All four of his friends were still standing, though, so Arthur turned back to his angel.
“You’re completely covered in blood. How much is your own?”
Truthfully, Arthur wasn’t sure the answer. Many of his wounds were still bleeding—he’d start getting woozy soon if he didn’t bandage them—but he’d been hacking at the dragon for a while before that, so there was very little way to tell whose blood it is after it left his body and got on his armor.
“...Half?” he guessed.
“Not encouraging,” she said, but she drew close anyway, and flipped Arthur’s arm, exposing the buckles of his armor and the large bleeding gash on his forearm.
She clicked her tongue, and murmured something, and the wound started closing, radiating that perfect warmth up to Arthur’s chest again.
He focused on breathing through it, so he had enough breath to lose when she looked back up at him and smiled.
“Arthur,” he finally said, because it seemed like the time where she might want his name. Especially considering she’d healed him… three times, now?
“Arthur,” she repeated, and the way her voice bent around the syllables made Arthur suddenly have a fierce love for his own name that he’d never had up until now. “My name is Caeleana-Itylara Edlynne.”

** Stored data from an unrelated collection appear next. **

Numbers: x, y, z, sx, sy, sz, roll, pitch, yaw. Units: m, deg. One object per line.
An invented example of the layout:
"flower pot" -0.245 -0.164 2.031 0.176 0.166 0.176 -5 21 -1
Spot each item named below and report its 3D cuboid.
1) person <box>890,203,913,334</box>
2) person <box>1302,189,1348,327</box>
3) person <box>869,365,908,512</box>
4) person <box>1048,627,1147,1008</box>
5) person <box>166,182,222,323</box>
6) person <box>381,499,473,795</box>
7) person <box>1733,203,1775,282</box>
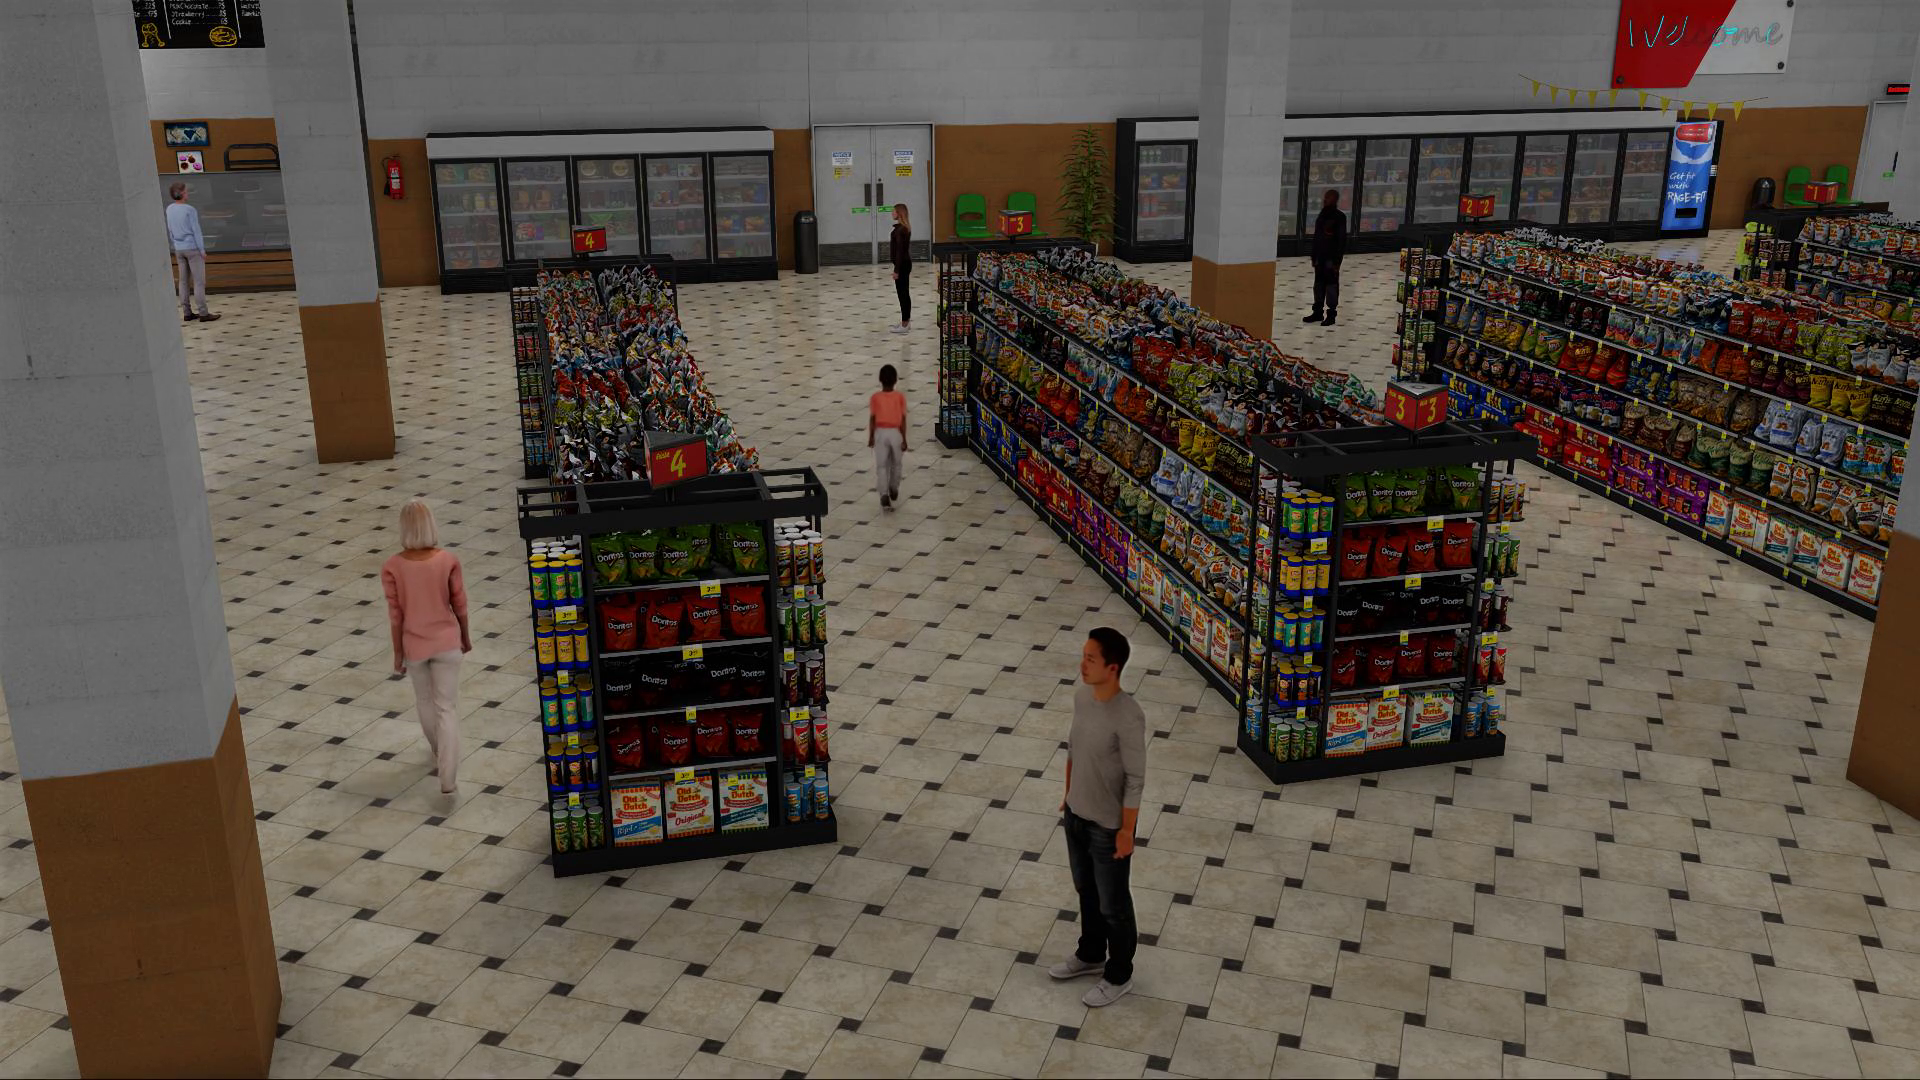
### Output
"person" -0.766 -3.626 22.157 0.734 1.705 0.591 3 19 10
"person" 5.027 -3.868 22.685 0.822 1.825 0.644 -12 22 -31
"person" -0.637 -0.885 14.672 0.630 1.293 0.928 0 19 -1
"person" 0.656 1.241 7.557 0.777 1.811 0.572 -10 21 -28
"person" -10.605 -3.961 22.855 0.753 1.894 0.775 7 20 19
"person" -3.028 0.648 9.525 0.631 1.677 1.149 -5 19 -16
"person" 9.537 -3.071 20.077 0.900 1.983 0.707 1 19 2
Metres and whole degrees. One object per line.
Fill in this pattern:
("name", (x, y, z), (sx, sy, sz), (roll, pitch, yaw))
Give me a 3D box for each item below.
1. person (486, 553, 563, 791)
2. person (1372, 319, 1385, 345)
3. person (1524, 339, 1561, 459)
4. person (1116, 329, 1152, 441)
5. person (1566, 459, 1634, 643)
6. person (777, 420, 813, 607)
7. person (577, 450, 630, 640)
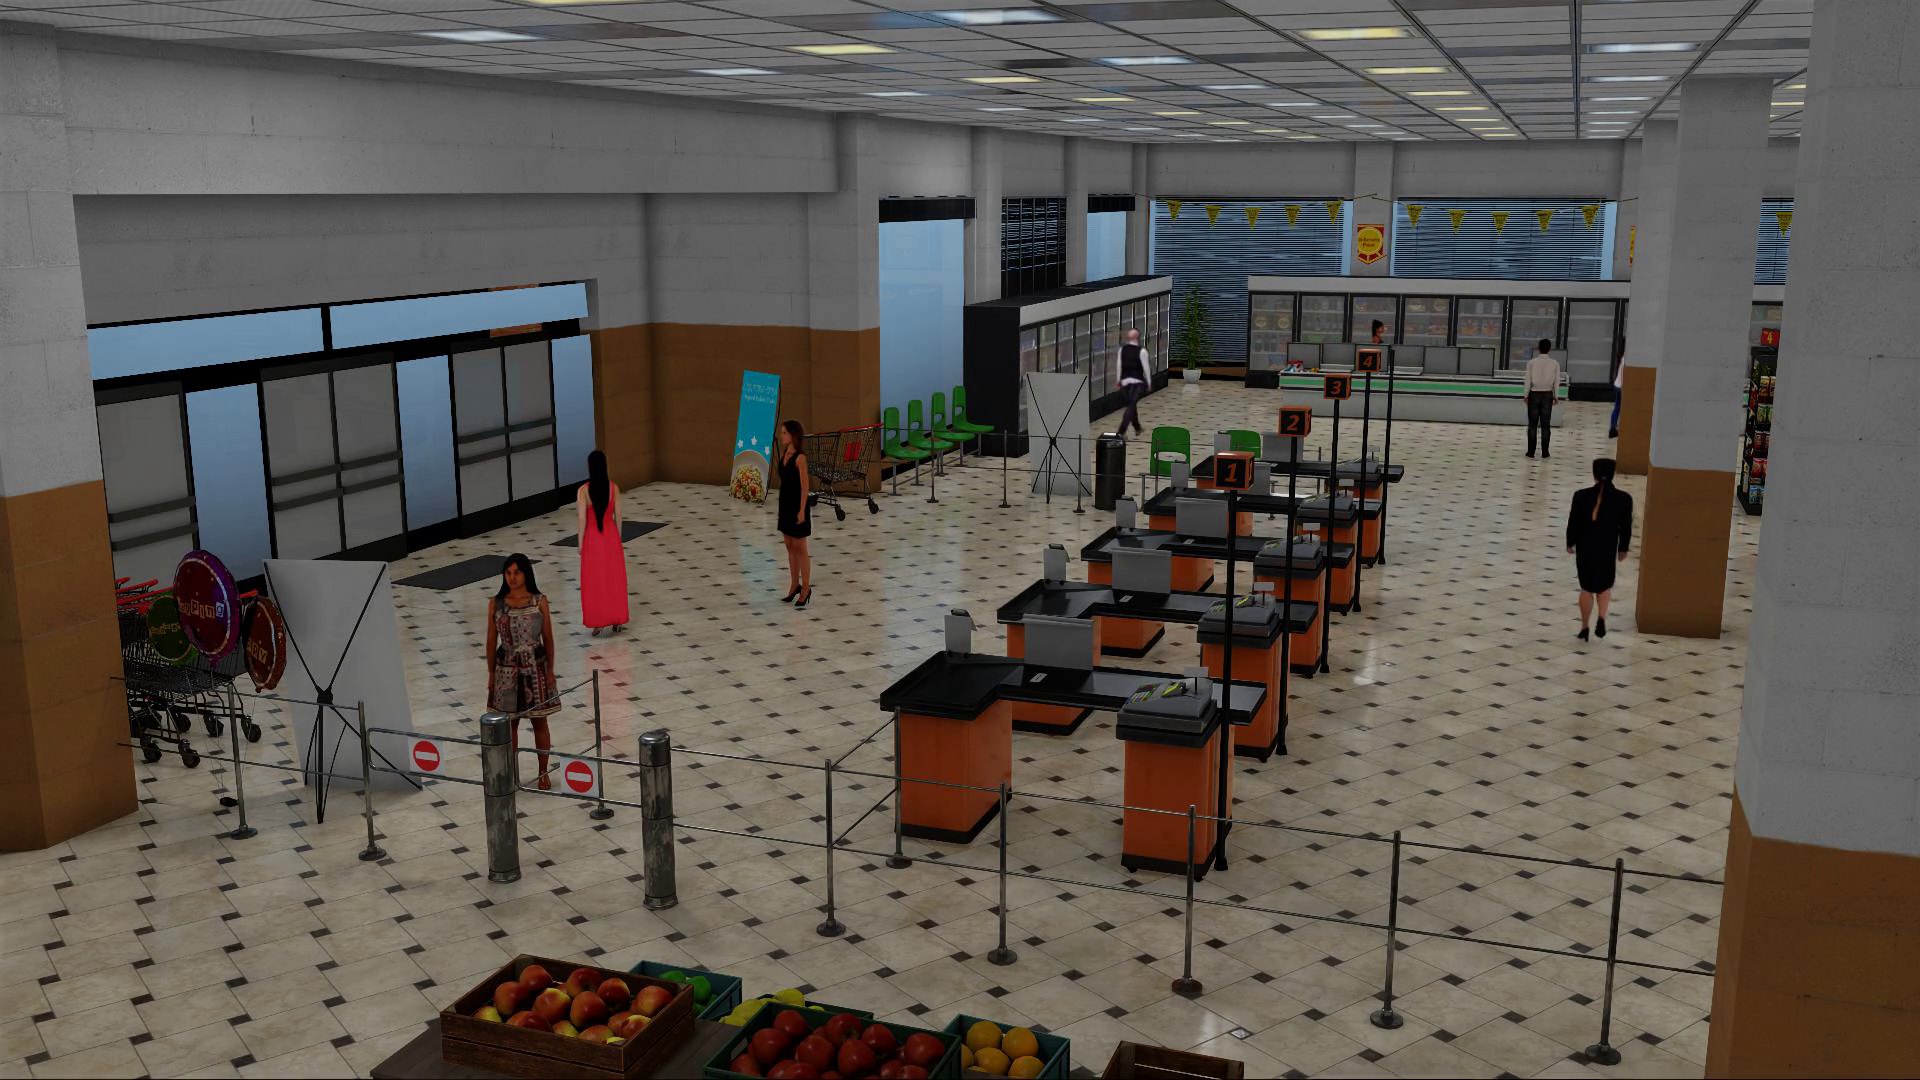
("person", (-2.974, 0.892, 11.319), (0.640, 1.645, 0.784), (-2, 12, -8))
("person", (7.747, -3.319, 31.294), (0.869, 1.654, 0.654), (3, 12, 13))
("person", (8.893, -2.173, 25.473), (0.495, 1.810, 0.742), (3, 12, 15))
("person", (2.762, -2.478, 27.006), (1.247, 1.776, 0.963), (8, 14, 32))
("person", (5.718, 0.124, 14.928), (0.636, 1.661, 0.779), (3, 12, 14))
("person", (-1.627, -0.261, 16.336), (0.727, 1.834, 0.631), (-9, 15, -36))
("person", (-3.281, 0.035, 15.193), (0.716, 1.725, 0.750), (-8, 14, -33))

“Yes, Miss Edlynne,” Arthur said, and then took a couple steps back so he could bow, even if it was clumsy. “Uh, sorry for the introduction. I’ve never met a princess before— and I thought, the dragon—”
“Certainly more important than formality,” Caeleana-Itylara (it seemed inappropriate, now, to think of her as ‘angel’ now that she’d introduced herself) interrupted, but her voice had a laughing lilt to it that put Arthur immediately at ease about being out of depth. “Thank you, Sir Arthur, that dragon was…” A stormcloud passed over her face. “I’m glad he’s dead.”
“So am I,” Arthur said, and closed the gap between them again, unsure how to provide her comfort otherwise. “Though I’m sure your joy outranks mine by bushels. I’m glad I could give it to you.”
Caeleana smiled at him again. “Well, Sir Arthur, I could regale you with the tragedy of events that put me here, but I’d much rather focus on that joy. The people outside— your companions, I assume? Can I count on you for an introduction?”
“Oh! Yes. Well, it won’t be very… formal.” Arthur scrubbed over the hair at the back of his neck. “They’re great, they’re just… well. Not formal. And I’m hardly trained in introductions, Miss Edlynne. You may be better off introducing yourself.”
“Oh, there’s no need to be formal,” Caeleana says. “Trust me, you have earned yourself more than enough informality with me. Just Caeleana is fine.”
Arthur blinked. “Of course, Miss Edlynne. I can— I’ll introduce you. Do you happen to know the way out? Beyond—?” he gestured to the large hole in the tower’s wall.
“Yes, of course,” Caeleana said.
“Wonderful. Lead the way.” And before Arthur could talk himself out of it, he offered Caeleana his arm—the less bloody one.
She took it. She then—and Arthur wasn’t sure if this was an elf thing?—twined their fingers together, so they went down the tower steps together, holding hands.